The international nature of the inflation was recognized by 69 percent of respondents.

In the U.K., economists have noted that publicity about profit-driven inflation and the encouragement of consumers to do less shopping has had a positive effect on reducing prices.

“Publicity around profit-led inflation seems to have had an impact, with consumers rebelling against margin-expanding price increases,” UBS economist Paul Donovan wrote in a commentary earlier this month.

A ‘normal part of business’ for good?

But some companies have altered their entire business models to accommodate margin expansion. The practice is seen across industries including auto manufacturing, airlines and hotels.

The auto manufacturing sector in particular, which went through its own inflationary cycle toward the beginning of the pandemic due to component shortages, has embraced a lower-volume, higher-margin shift.

“As we’re working through this lower inventory and these opportunities that we’re seeing today, we’re working on how we make them a normal part of our business as we go forward,” John Lawler, Ford’s financial boss, said in 2021.

Daniil Manaenkov, an economist with the University of Michigan who studies the auto industry, told The Hill earlier this year that the pandemic had pushed automakers into a “different equilibrium.”

Consumers are still concerned about inflation, with 95 percent of respondents in the YouGov poll saying the issue was either “very important” or “somewhat important” to them.

New York City resident Gina DiStefano told The Hill she is frequently looking for deals and lower prices.

“I kind of live by couponing more than I had been,” she said. “I’d say rent is pretty tough.”
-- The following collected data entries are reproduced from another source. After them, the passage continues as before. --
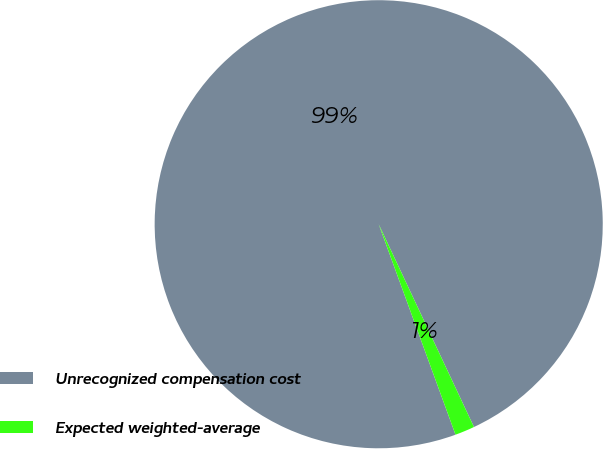Convert chart to OTSL. <chart><loc_0><loc_0><loc_500><loc_500><pie_chart><fcel>Unrecognized compensation cost<fcel>Expected weighted-average<nl><fcel>98.58%<fcel>1.42%<nl></chart> 
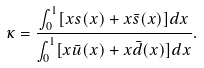Convert formula to latex. <formula><loc_0><loc_0><loc_500><loc_500>\kappa = \frac { \int _ { 0 } ^ { 1 } [ x s ( x ) + x \bar { s } ( x ) ] d x } { \int _ { 0 } ^ { 1 } [ x \bar { u } ( x ) + x \bar { d } ( x ) ] d x } .</formula> 
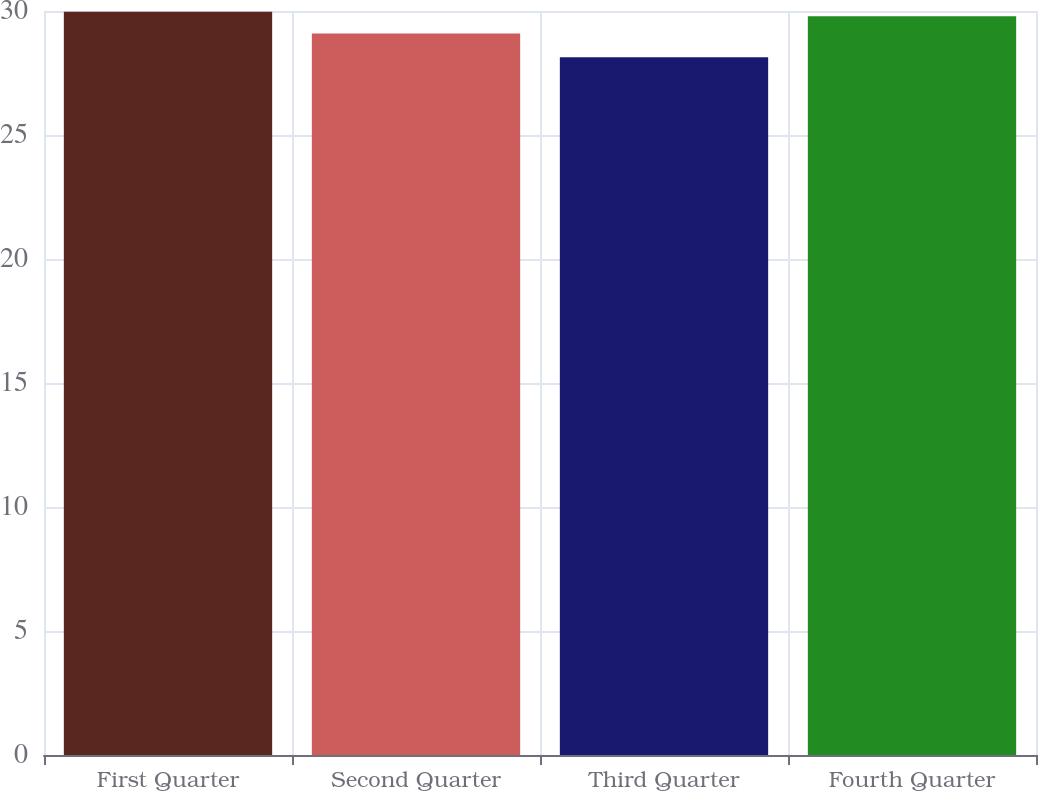Convert chart to OTSL. <chart><loc_0><loc_0><loc_500><loc_500><bar_chart><fcel>First Quarter<fcel>Second Quarter<fcel>Third Quarter<fcel>Fourth Quarter<nl><fcel>29.97<fcel>29.09<fcel>28.14<fcel>29.79<nl></chart>

While the role of profits in the current inflation have been a source of controversy among economists, the debate has an inherent taboo within market economies that has long been recognized by authorities.

“Our merchants and master-manufacturers complain much of the bad effects of high wages in raising the price, and thereby lessening the sale of their goods both at home and abroad. They say nothing concerning the bad effects of high profits. They are silent with regard to the pernicious effects of their own gains. They complain only of those of other people,” British economist Adam Smith wrote in 1776.